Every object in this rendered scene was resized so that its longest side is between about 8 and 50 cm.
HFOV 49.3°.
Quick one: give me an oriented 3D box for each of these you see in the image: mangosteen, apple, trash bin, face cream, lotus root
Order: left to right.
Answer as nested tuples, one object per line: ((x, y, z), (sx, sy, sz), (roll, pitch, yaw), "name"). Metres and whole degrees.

------------------------

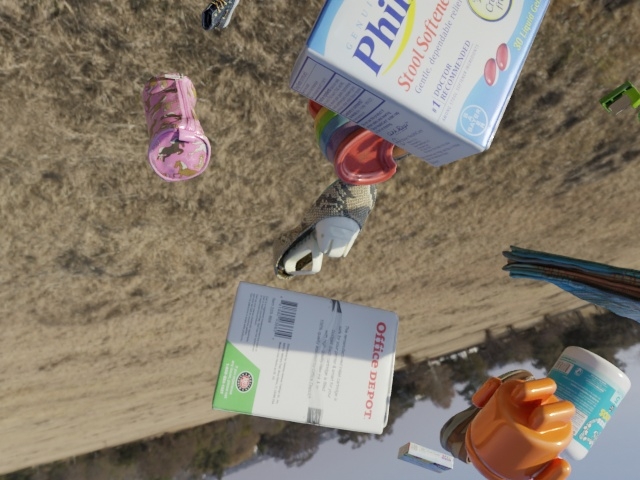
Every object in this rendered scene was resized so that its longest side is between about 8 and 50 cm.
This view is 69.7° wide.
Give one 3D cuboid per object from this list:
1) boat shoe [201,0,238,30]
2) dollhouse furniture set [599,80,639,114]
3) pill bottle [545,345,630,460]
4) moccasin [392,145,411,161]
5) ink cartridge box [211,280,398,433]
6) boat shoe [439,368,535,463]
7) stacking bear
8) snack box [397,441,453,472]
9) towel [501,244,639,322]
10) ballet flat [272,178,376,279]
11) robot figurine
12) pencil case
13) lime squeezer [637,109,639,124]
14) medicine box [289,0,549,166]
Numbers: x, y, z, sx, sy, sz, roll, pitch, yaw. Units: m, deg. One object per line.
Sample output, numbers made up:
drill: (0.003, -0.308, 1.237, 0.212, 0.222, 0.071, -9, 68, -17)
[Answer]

------------------------

* _THE TASK_:
Copy each line of the listing that holds the word "shoe".

* _SOLVED PROBLEM_:
1) boat shoe [201,0,238,30]
6) boat shoe [439,368,535,463]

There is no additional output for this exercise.